“Zimbabwe is currently in a debt crisis with external debt arrears amounting to $6.7 billion,” Ncube said.
“Zimbabwe's lack of access to international financial resources to fund its economic recovery and priority projects has resulted in an excessive external debt burden weighing heavily on the country's development needs.”
“We want significant sentence reductions … very significant sentence reductions and the elimination of all penalties.”
According to Zimbabwe's debt register, its bilateral external debt is $6.2 billion, of which $4.7 billion is in arrears, about 76 percent of its total bilateral debt.
Harare owes $4.1 billion to Paris Club creditors, an informal group of mostly Western creditors working on sustainable debt relief, but most of that debt – about 98 percent, or $4 billion – has been in default since Zimbabwe fell into financial trouble two decades ago.
Zimbabwe's five largest Paris Club creditors are Germany, France, the UK, Japan and the US, accounting for $3.1 billion, or 75 percent of the Paris Club debt.
“We are in discussions with all creditors,” Ncube said in an interview on the sidelines of the African Development Bank's annual meeting in the Kenyan capital, Nairobi, in May.
As part of resolving its financial difficulties, Harare is planning far-reaching economic and governance reforms to enable it to access international financial markets. To this end, it has established the Structured Dialogue Platform for Arrears Clearance, Debt Relief and Resolution to meet with creditors and development partners in 2022 to discuss reforms.
The process to resolve the crisis is being led by Mozambique's former president, Joaquim Chissano, and African Development Bank President Akinwumi Adesina.
The United States first imposed sanctions on Zimbabwe in 2001 in retaliation for controversial forced farm land confiscations under President Robert Mugabe. Between 2000 and 2001, around 4,000 white Zimbabwean commercial farmers were evicted from their land, often by violent means.
At the time, the United States imposed targeted sanctions on certain Zimbabwean government officials, followed in 2002 by further sanctions by the European Union, which effectively cut off access to funds from international markets, including from multilateral lending institutions such as the IMF and the World Bank.
Harare has pledged to implement sweeping reforms to escape the long shadow of Mugabe's land seizures, including a planned $3.5 billion total in compensation for evicted farmers, with $55 million earmarked for this purpose in the 2024 budget.
Chisano, the lead negotiator in the debt talks process, said 80 percent of the country's debt is in arrears.

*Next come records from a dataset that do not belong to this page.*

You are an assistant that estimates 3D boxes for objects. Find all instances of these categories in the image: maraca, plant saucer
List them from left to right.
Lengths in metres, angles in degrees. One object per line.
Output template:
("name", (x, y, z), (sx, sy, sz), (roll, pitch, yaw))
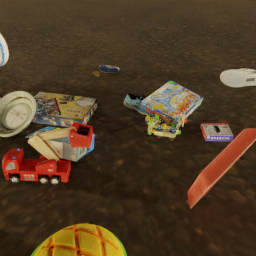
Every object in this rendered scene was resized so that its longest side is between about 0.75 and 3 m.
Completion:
("plant saucer", (-3.661, -0.407, 9.101), (1.650, 0.414, 1.650), (-7, 62, 14))
("maraca", (-1.006, 2.386, 4.423), (2.220, 1.188, 1.522), (-26, 46, -37))
("plant saucer", (1.924, 0.820, 5.863), (1.733, 1.730, 0.318), (-39, 68, -18))

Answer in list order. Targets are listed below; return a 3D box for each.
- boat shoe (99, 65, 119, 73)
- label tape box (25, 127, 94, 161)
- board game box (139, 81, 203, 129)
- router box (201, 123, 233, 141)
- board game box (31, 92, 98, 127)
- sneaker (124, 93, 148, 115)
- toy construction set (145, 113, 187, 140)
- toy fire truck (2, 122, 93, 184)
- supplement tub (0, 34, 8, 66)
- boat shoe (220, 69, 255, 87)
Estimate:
("boat shoe", (-0.896, -2.815, 13.307), (0.970, 0.351, 0.351), (11, 28, -1))
("label tape box", (-1.881, 0.408, 7.887), (1.559, 0.515, 1.117), (7, 16, 15))
("board game box", (1.586, -0.884, 9.956), (1.452, 0.370, 2.146), (32, 43, 19))
("router box", (2.794, 0.117, 8.848), (0.838, 0.205, 0.752), (0, 33, 0))
("board game box", (-2.414, -0.664, 9.875), (2.304, 0.399, 1.561), (8, 34, 11))
("sneaker", (0.462, -0.882, 9.981), (1.257, 0.565, 0.493), (20, 36, 7))
("toy construction set", (1.178, -0.071, 8.838), (1.352, 0.623, 0.886), (-3, 31, 15))
("toy fire truck", (-1.981, 0.613, 6.817), (2.208, 1.557, 0.538), (3, 32, -2))
("supplement tub", (-7.145, -3.309, 12.526), (1.955, 1.955, 2.963), (18, 38, 25))
("boat shoe", (4.880, -2.222, 12.006), (2.079, 0.748, 0.683), (-4, 27, -6))
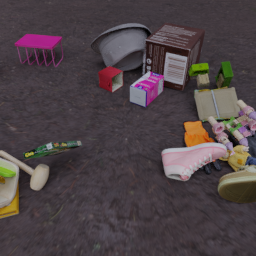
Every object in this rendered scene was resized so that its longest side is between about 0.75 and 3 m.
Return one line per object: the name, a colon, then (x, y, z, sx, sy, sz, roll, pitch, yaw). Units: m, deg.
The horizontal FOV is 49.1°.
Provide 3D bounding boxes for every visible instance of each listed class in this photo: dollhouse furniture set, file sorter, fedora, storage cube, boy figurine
dollhouse furniture set: (3.244, -1.193, 10.756, 1.558, 1.194, 2.378, -6, 69, 2)
file sorter: (-4.098, -3.614, 13.187, 1.767, 1.108, 1.228, 7, 40, 7)
fedora: (-0.185, -3.293, 12.235, 2.823, 2.497, 1.275, -18, 75, 29)
storage cube: (-0.715, -2.032, 11.609, 0.749, 0.712, 0.833, 27, 47, 29)
boy figurine: (3.191, 0.889, 7.963, 0.489, 0.944, 1.519, -19, 37, -32)

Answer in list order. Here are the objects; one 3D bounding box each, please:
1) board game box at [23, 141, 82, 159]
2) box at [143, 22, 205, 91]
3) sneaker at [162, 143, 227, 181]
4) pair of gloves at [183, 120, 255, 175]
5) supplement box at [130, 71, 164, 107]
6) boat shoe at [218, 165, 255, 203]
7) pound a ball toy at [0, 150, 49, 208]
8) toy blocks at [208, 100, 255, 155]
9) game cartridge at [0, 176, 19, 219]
board game box: (-1.967, 0.571, 7.571, 0.865, 0.194, 1.651, -18, -6, 13)
box: (1.938, -3.090, 11.924, 1.872, 1.891, 2.279, 18, 43, 19)
sneaker: (1.856, 1.006, 7.825, 1.817, 0.684, 0.950, -9, 54, 15)
pair of gloves: (3.128, 0.506, 8.898, 2.660, 0.329, 2.370, 1, 40, 0)
supplement box: (0.760, -1.543, 11.014, 0.731, 0.746, 1.444, 22, 43, 25)
boat shoe: (3.516, 1.317, 7.417, 2.657, 0.969, 0.836, -5, 42, -11)
pound a ball toy: (-3.854, 1.298, 7.340, 2.942, 1.250, 1.918, 15, 6, 19)
toy blocks: (3.275, 0.155, 8.263, 1.283, 1.373, 1.156, -31, 43, 5)
game cartridge: (-3.582, 1.800, 7.423, 1.279, 0.235, 1.451, -12, 42, -14)
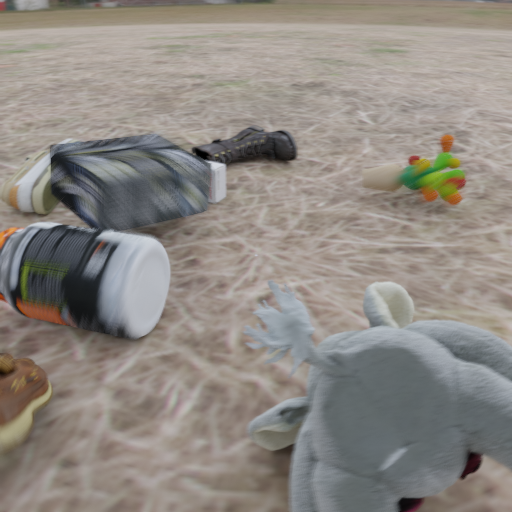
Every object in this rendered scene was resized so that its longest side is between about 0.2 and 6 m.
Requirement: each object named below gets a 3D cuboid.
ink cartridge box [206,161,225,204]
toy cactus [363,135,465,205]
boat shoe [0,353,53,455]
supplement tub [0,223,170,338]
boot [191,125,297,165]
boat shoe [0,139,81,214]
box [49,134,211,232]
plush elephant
[{"bbox_3d":[-1.265,-1.732,12.739,1.120,0.822,0.464,16,31,25],"label":"ink cartridge box"},{"bbox_3d":[3.454,-1.827,12.284,2.167,1.343,2.626,0,23,11],"label":"toy cactus"},{"bbox_3d":[-2.819,1.448,6.211,0.845,0.793,2.347,-15,7,-12],"label":"boat shoe"},{"bbox_3d":[-2.631,0.308,8.277,2.408,1.475,1.475,9,30,15],"label":"supplement tub"},{"bbox_3d":[-0.329,-2.731,14.819,2.097,0.834,2.409,-27,34,-31],"label":"boot"},{"bbox_3d":[-4.818,-1.968,12.857,1.031,1.127,3.015,7,29,0],"label":"boat shoe"},{"bbox_3d":[-2.401,-1.465,10.739,2.395,1.031,1.961,-18,38,-40],"label":"box"},{"bbox_3d":[1.238,1.529,5.496,3.061,2.521,2.370,46,4,13],"label":"plush elephant"}]

“Clearing arrears and resolving the debt crisis is crucial not only for Zimbabwe but also for SADC. [Southern African Development Community],” He said.
But he said the Zimbabwean government could not implement the reforms alone and called on international partners to consider providing support.
In April, Zimbabwean media reported that China had written off an “unspecified” amount of interest-free loans it had received during Mugabe's term in office.
“China attaches great importance to resolving Zimbabwe's debt problem,” Zhou said at the time. “China is willing to strengthen communication with the Zimbabwean government and make an appropriate statement through friendly consultations. As a concrete measure, China has written off Zimbabwe's interest-free loans that were due by the end of 2015.” The ambassador did not disclose the amount of the loans that were written off.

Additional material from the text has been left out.